• **EXERCISE GOAL**: Within the records below, reproduce without change the lines from the line that has "laptop,-0.205,0.262,1.184,0.286,0.017,0.199,8,53,-16" through the line that has "#8 rack shelf <box>933,378,1046,453</box>", and only those.

• **Dataset records**:
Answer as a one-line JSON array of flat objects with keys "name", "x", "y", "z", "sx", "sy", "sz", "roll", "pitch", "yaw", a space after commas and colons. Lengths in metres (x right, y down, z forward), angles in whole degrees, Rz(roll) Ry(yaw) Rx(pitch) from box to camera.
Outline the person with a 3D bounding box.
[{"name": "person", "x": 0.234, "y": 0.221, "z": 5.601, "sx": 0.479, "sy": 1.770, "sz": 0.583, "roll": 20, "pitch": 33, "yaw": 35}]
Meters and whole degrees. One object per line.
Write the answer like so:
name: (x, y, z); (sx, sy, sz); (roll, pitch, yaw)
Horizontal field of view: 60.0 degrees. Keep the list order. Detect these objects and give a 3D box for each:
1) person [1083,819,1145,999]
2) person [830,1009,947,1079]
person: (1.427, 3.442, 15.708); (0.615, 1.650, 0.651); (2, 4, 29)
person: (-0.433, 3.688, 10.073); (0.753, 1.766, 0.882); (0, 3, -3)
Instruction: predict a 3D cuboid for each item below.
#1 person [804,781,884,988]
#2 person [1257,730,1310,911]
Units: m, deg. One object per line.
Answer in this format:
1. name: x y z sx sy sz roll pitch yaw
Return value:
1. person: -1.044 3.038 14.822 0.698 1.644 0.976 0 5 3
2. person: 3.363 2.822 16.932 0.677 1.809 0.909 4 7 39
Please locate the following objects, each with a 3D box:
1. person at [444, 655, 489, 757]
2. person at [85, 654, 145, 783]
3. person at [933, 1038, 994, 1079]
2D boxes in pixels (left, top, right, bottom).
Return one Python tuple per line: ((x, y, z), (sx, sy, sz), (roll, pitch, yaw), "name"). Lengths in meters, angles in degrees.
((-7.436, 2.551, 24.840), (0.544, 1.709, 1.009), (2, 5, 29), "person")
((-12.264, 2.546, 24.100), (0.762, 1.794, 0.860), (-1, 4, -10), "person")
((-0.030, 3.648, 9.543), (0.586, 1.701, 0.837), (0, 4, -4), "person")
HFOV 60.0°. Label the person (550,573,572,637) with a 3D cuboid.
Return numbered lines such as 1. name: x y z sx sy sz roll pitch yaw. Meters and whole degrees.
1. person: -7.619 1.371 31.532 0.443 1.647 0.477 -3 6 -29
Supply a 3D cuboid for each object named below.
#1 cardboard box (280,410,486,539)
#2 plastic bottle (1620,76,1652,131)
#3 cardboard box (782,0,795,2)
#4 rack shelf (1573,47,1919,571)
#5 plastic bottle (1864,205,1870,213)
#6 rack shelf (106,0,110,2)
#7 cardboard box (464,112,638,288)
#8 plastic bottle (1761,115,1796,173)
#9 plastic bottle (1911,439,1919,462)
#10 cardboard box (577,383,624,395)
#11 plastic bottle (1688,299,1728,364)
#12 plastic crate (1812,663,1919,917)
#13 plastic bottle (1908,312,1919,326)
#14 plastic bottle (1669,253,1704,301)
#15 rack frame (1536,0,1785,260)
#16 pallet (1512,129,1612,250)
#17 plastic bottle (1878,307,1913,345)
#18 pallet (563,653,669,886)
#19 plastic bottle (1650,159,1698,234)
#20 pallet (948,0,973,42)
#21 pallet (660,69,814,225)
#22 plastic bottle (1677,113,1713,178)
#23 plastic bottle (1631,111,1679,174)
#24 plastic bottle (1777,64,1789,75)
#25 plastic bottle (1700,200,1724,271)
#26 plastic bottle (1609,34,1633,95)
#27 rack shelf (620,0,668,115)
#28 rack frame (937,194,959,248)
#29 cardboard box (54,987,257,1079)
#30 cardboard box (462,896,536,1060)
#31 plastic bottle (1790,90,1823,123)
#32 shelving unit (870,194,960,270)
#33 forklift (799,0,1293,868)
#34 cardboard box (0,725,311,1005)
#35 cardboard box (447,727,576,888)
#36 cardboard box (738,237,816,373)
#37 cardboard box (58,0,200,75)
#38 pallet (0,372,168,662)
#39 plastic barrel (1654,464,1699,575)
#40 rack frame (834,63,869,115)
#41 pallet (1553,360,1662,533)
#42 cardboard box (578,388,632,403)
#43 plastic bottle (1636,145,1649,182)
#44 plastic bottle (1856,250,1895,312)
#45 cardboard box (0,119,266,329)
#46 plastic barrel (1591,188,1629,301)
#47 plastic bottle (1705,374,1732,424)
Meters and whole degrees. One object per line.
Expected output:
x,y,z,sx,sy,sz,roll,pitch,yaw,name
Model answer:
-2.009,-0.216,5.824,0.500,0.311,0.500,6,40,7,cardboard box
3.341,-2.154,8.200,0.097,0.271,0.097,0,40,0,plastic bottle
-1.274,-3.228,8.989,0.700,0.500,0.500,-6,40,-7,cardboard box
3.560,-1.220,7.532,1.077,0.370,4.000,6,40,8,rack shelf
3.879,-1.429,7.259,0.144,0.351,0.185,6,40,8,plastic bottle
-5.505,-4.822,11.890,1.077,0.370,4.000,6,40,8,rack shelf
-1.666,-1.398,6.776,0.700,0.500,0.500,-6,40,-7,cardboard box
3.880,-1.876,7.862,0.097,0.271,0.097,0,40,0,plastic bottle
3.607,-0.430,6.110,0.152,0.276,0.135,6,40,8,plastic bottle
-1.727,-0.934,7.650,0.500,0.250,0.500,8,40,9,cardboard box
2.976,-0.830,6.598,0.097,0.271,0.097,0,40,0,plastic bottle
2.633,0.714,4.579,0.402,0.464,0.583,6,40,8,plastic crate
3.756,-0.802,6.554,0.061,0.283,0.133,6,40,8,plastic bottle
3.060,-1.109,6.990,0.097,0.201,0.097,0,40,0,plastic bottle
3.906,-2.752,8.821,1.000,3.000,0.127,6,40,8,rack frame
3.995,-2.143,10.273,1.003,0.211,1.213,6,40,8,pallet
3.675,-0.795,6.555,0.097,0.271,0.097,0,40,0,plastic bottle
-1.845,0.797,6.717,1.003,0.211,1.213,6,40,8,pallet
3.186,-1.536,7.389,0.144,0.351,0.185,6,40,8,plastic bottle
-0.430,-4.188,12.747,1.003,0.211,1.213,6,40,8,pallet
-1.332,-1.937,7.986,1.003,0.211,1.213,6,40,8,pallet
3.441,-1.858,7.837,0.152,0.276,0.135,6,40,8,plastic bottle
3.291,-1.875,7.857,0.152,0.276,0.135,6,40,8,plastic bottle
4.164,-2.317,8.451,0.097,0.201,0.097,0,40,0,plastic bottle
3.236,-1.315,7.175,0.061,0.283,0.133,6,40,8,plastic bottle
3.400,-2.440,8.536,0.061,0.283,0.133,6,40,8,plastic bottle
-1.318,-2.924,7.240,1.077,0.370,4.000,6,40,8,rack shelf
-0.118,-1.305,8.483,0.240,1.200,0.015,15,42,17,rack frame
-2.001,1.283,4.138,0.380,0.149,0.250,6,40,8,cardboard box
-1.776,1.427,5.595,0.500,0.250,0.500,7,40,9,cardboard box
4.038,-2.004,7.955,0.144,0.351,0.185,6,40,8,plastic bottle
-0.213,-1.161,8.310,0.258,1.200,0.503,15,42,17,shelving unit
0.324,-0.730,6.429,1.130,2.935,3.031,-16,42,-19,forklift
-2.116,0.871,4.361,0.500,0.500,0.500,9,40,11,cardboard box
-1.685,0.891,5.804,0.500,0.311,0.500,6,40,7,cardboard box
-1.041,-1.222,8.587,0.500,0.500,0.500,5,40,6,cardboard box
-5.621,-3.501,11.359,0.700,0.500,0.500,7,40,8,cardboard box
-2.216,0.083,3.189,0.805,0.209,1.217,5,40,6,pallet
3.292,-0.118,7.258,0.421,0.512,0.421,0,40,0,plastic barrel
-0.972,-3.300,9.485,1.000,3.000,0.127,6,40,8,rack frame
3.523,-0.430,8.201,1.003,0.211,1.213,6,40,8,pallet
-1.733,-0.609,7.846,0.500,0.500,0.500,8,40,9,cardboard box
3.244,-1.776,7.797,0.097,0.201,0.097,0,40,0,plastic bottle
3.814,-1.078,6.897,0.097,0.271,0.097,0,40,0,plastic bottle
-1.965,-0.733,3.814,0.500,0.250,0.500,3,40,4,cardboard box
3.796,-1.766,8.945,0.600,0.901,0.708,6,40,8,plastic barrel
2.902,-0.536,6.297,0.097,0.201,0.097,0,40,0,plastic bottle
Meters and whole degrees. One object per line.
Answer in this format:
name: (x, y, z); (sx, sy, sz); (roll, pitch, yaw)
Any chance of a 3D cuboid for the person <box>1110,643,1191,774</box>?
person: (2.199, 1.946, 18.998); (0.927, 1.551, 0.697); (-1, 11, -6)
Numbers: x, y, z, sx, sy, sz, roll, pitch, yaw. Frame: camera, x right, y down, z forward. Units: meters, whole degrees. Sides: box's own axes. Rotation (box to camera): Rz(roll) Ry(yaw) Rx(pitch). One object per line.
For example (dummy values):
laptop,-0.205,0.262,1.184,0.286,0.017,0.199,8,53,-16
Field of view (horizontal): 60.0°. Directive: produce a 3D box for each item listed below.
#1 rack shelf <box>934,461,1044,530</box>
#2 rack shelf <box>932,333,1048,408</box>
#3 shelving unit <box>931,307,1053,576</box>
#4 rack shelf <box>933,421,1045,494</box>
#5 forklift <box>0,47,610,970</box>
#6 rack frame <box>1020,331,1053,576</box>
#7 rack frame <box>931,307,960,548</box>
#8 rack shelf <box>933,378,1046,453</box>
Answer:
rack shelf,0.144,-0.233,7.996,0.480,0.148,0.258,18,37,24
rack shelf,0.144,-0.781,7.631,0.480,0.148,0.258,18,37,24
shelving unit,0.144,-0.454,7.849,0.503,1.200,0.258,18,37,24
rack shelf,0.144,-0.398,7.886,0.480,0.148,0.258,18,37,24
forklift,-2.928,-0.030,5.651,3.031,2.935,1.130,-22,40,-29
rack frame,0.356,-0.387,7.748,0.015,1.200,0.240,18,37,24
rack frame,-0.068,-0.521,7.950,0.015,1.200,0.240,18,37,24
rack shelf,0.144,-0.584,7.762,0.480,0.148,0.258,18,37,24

• **WRITTEN SOLUTION**:
laptop,-0.205,0.262,1.184,0.286,0.017,0.199,8,53,-16
Field of view (horizontal): 60.0°. Directive: produce a 3D box for each item listed below.
#1 rack shelf <box>934,461,1044,530</box>
#2 rack shelf <box>932,333,1048,408</box>
#3 shelving unit <box>931,307,1053,576</box>
#4 rack shelf <box>933,421,1045,494</box>
#5 forklift <box>0,47,610,970</box>
#6 rack frame <box>1020,331,1053,576</box>
#7 rack frame <box>931,307,960,548</box>
#8 rack shelf <box>933,378,1046,453</box>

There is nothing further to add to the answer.